* **Assigned task**
Tally the lines in the data that follows that include the word "seats", and report nothing but the total.

* **Raw data**
▶
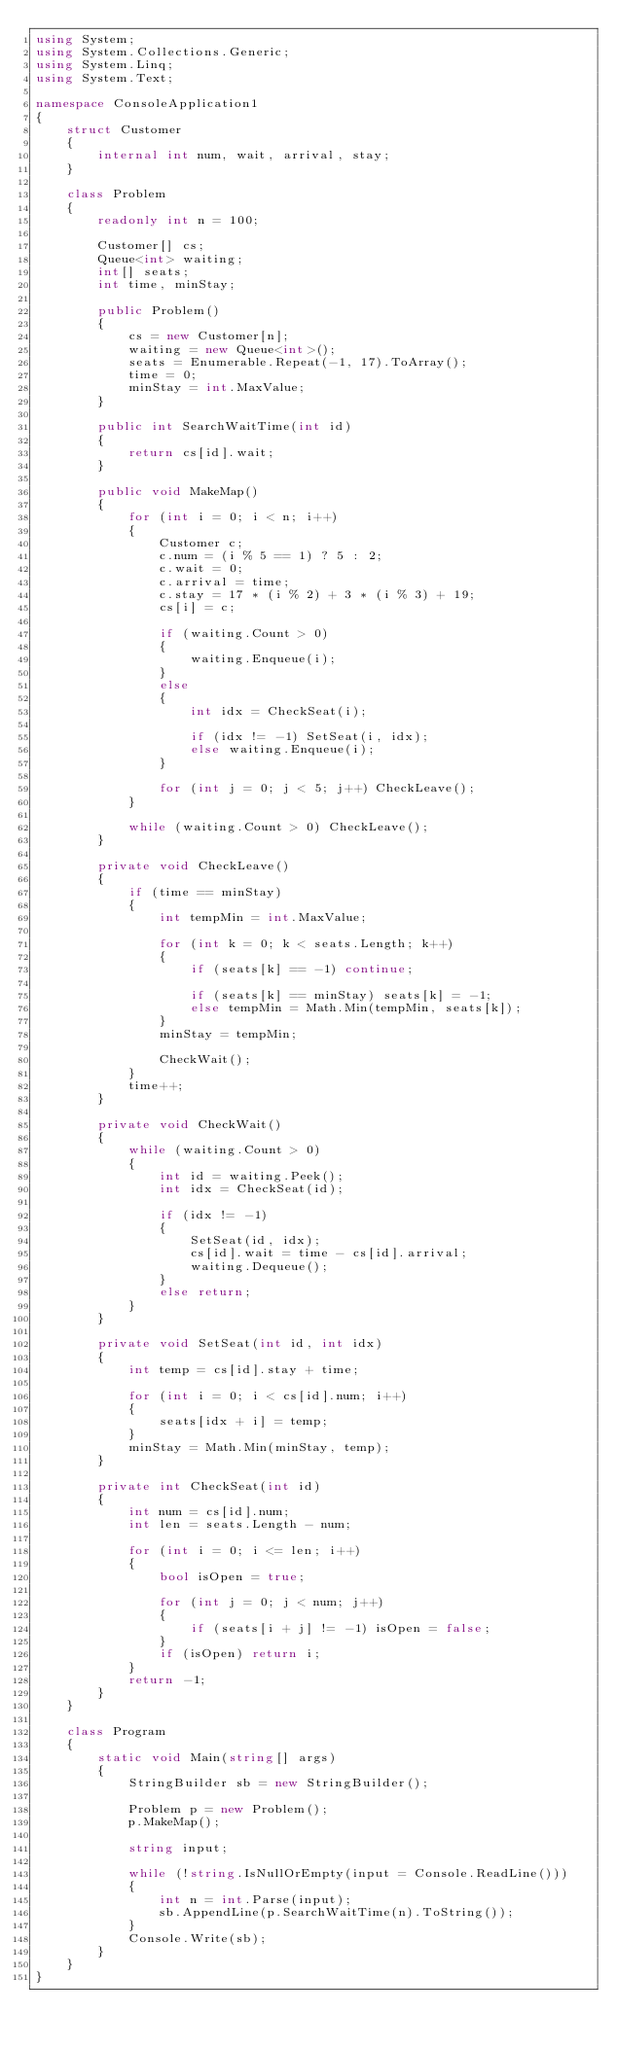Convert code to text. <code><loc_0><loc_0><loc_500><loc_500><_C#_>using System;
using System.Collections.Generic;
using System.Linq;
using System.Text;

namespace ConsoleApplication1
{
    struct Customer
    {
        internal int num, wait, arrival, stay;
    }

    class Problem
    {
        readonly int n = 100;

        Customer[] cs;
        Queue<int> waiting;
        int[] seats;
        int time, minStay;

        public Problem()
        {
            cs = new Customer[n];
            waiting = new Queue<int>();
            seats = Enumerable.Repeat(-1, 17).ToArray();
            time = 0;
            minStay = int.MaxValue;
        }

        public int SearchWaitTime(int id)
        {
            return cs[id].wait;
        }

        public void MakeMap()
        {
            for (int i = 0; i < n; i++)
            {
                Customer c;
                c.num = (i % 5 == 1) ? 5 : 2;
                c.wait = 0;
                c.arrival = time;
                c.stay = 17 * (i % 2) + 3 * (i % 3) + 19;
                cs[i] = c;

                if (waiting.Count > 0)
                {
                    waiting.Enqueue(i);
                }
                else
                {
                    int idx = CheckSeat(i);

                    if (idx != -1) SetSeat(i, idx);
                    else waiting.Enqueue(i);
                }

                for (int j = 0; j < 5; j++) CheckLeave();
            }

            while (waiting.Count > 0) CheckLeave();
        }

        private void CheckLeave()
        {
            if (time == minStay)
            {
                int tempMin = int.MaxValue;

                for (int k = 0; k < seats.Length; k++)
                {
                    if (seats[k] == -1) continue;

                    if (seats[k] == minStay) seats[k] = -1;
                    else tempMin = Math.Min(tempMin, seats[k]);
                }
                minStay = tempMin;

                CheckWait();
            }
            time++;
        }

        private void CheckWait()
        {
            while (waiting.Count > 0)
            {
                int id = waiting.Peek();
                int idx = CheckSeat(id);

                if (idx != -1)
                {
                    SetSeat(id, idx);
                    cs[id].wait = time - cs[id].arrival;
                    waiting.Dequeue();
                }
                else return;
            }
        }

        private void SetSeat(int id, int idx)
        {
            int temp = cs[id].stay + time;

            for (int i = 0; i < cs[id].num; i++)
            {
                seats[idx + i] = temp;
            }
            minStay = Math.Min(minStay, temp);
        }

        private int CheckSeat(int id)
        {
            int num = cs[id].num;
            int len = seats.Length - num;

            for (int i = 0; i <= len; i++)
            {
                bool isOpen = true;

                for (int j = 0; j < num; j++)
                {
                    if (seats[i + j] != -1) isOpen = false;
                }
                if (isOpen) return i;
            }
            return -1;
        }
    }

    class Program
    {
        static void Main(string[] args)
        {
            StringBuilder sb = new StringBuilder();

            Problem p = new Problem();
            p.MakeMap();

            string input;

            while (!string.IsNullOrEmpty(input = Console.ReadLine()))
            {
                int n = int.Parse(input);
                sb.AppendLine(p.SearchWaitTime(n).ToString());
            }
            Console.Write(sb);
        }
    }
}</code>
◀
▶
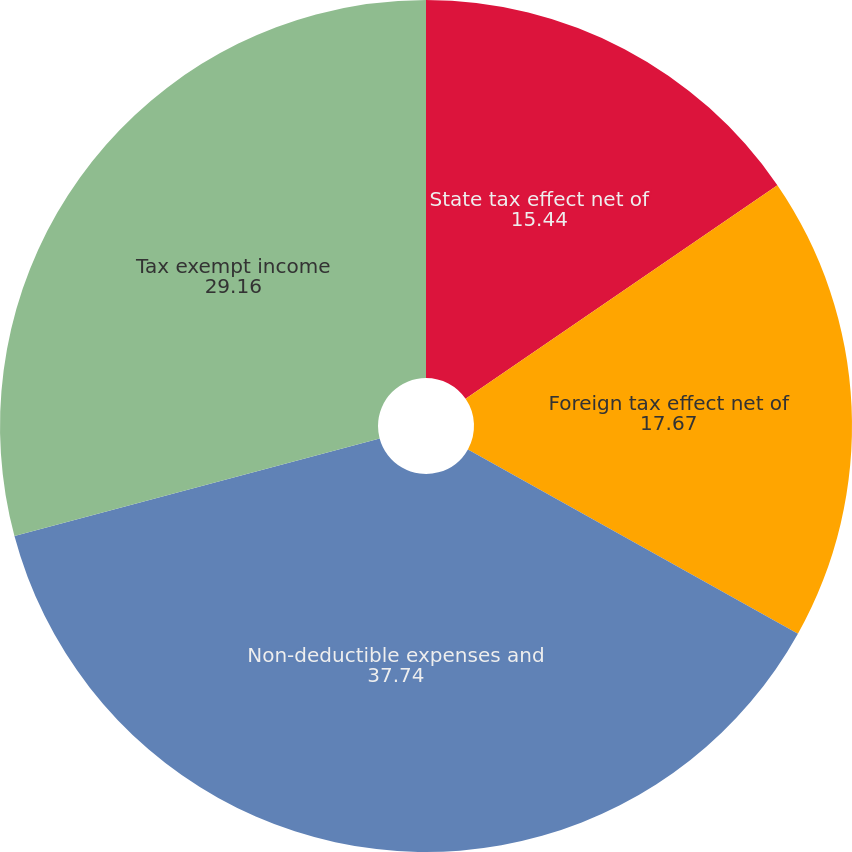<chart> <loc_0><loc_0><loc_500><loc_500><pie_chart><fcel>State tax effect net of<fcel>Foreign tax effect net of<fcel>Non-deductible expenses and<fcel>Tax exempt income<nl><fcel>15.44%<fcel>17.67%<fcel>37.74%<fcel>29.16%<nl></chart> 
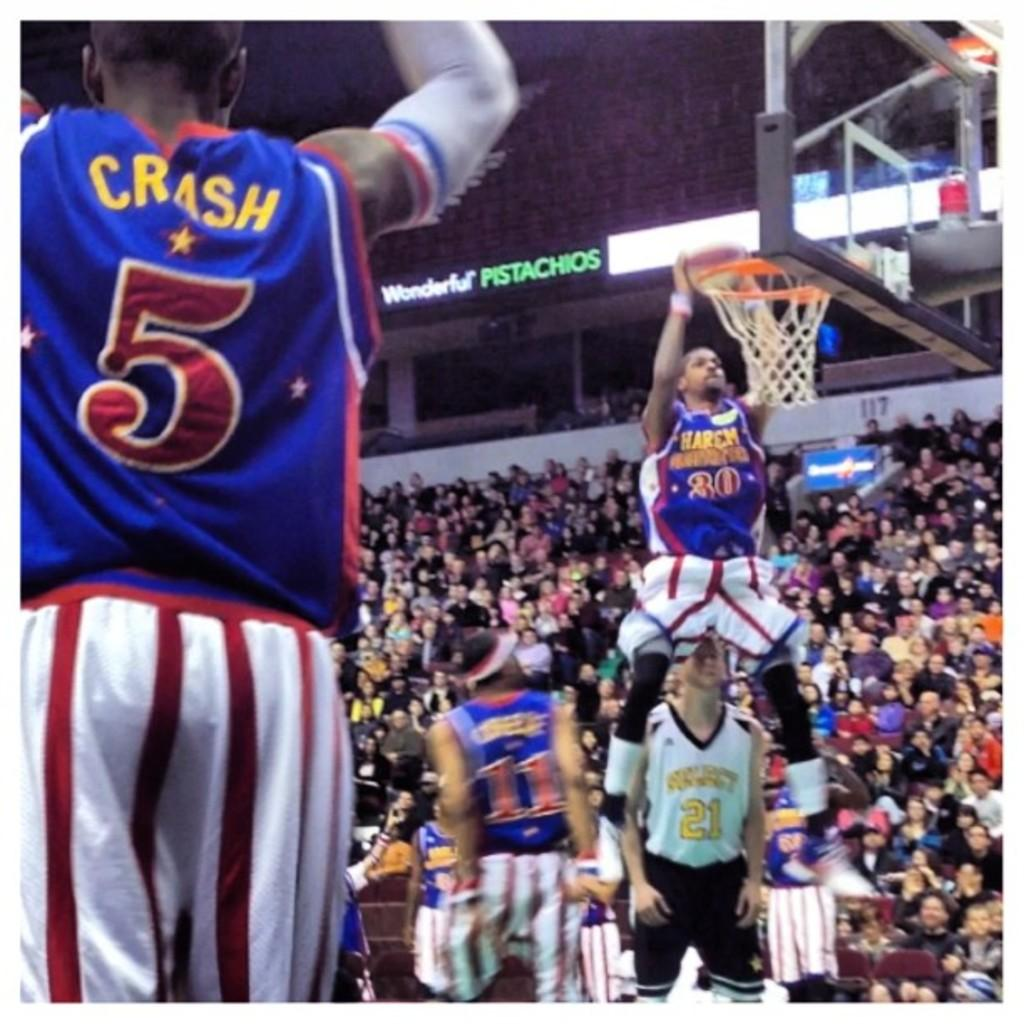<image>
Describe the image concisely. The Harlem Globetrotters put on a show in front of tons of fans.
◀
* **Your solution**
9